Marilyne called him—his name was Dominique. He was thrilled. Within the hour, he showed up with a bright orange, vintage tractor. I’m not sure of the model, but it was cherry. Immaculate. And it purred like a Lamborghini. I didn’t know that farm equipment could purr.
As Dominique expertly hooked the tiller to his tractor, he thanked us profusely, offering his services whenever we needed them. I figured that if he could tune a diesel engine to sound like it was ready for Le Mans, he might know his way around a jammed-up rotary cutter, so I asked him to check out my little dilemma.
I was expecting a dismissive French shrug (“Le Meh”). Instead, he nodded enthusiastically and promised to return with a wrench in 30 minutes. Indeed, he returned as promised, this time in a beat-up, old Peugeot hatchback that wasn’t receiving half the love he gave his sports-tractor.
He opened the back and produced not a wrench, but a sledgehammer and a huge crowbar. He asked me to raise the cutter. Together, we crawled underneath where I pried apart the metal slabs with the crowbar as Dominique bashed them with the hammer. After 20 minutes, he stopped, assessed the situation, smiled proudly, and handed me the hammer. “Allez,” he said.
I took a hard swing. The stuck slab jerked free and swung across its full range, nearly braining both of us.
I thanked Dominique even more profusely than he had thanks me for the rusty tiller. After he left, I returned to my tractoring, much the wiser when it came to stumps.
Regarding the virtues of brute force.
As a 21st century urban male, I’ve been taught that force is no bueno. When the internet isn’t working, I don’t smack the side of the router. If my bike isn’t shifting properly, I don’t force the shifters with a screwdriver. I live in a world of delicate machinery that requires a deft touch. Farming, apparently, operates by different standards.
The next day, I bought the biggest crowbar I could find and spent the afternoon crowbarring the crap out of everything that I came within three feet of, from old two-by-fours nailed together for no apparent reason to tree stumps that might cause future tractor drama. (I failed at crowbarring the cutter-crippling ash. That’s going to take some next-level bashing. I’m thinking explosives.)
Another grand romance I’m having at La Villatte is with my new chainsaw. I love it more than the crowbar, but slightly less than the tractor. It’s the closest I’ll ever come to a light saber.

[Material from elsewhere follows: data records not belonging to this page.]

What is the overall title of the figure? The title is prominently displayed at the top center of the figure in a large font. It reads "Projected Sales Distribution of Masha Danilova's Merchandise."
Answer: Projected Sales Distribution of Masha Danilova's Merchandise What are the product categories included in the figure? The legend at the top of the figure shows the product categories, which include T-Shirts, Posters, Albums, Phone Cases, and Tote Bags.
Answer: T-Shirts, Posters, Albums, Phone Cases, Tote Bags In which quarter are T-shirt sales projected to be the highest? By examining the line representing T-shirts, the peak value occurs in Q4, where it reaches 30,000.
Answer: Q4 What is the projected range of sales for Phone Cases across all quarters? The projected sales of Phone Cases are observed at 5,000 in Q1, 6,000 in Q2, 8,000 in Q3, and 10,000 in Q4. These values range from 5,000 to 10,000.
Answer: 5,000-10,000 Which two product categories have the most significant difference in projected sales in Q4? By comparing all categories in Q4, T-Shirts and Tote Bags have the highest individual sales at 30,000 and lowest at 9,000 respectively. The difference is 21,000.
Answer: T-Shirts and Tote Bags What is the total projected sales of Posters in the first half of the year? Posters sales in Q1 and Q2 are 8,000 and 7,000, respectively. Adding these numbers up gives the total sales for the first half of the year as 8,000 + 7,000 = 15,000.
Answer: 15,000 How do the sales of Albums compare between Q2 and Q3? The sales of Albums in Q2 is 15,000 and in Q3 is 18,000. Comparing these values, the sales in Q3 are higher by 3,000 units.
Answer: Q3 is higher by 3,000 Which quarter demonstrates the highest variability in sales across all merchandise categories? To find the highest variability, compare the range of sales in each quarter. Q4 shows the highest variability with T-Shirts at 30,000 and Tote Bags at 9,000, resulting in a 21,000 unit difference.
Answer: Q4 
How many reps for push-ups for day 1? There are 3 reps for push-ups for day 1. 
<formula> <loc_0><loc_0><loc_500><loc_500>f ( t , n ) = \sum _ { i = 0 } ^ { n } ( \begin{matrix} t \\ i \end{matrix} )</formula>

That evening, I was chainsawing firewood in the barn when the chain hooked on a knot mid-log and stalled. The blade was really stuck into the log. Chainsaws strike me as delicate machines, so I gingerly pulled at the log, trying to remove it. It wasn’t going anywhere.
Another defeat. 24 hours later, again relegated to imposter status.

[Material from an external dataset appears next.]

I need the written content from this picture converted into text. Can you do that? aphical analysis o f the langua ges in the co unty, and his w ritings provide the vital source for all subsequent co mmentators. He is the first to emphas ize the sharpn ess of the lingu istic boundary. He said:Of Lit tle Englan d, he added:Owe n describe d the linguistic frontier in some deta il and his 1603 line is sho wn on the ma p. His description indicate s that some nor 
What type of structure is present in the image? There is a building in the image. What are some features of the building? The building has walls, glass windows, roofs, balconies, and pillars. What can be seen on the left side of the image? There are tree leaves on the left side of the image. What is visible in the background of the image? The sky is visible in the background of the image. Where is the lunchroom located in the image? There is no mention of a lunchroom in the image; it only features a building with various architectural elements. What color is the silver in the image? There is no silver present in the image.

I looked at the saw-hugging log and muttered, “Not today.” That’s what farmers do, I guess, talk to the inanimate objects they’re struggling with.
I walked over a large stump we use as a wood chopping surface, lifted the saw up and brought it down hard, aiming so that just the log hit the edge of the stump. It broke free and tumbled across the barn floor. Not a mark on the chainsaw.
I let out a victory howl.
The barn’s walls are made of three-foot-thick stone. The main house is several hundred yards away, also built with three-foot-thick stone walls. Neither the distance nor the masonry prevented Marilyne from hearing my primal outburst from the kitchen.
Some people pick up everything they do quickly. Yay, them. I’m not one of those people. Whether it was writing, riding, running, understanding nutrition, or farming, mastery has always been an ordeal. But the only thing worse than sucking at doing something is never having done it at all, so I keep plodding along.
You might not be able to “just do it,” but you can always, “just try it.” If it works great. If it doesn’t, try it another way—you’ll get it eventually.
If all else fails, you can always take a crowbar to it.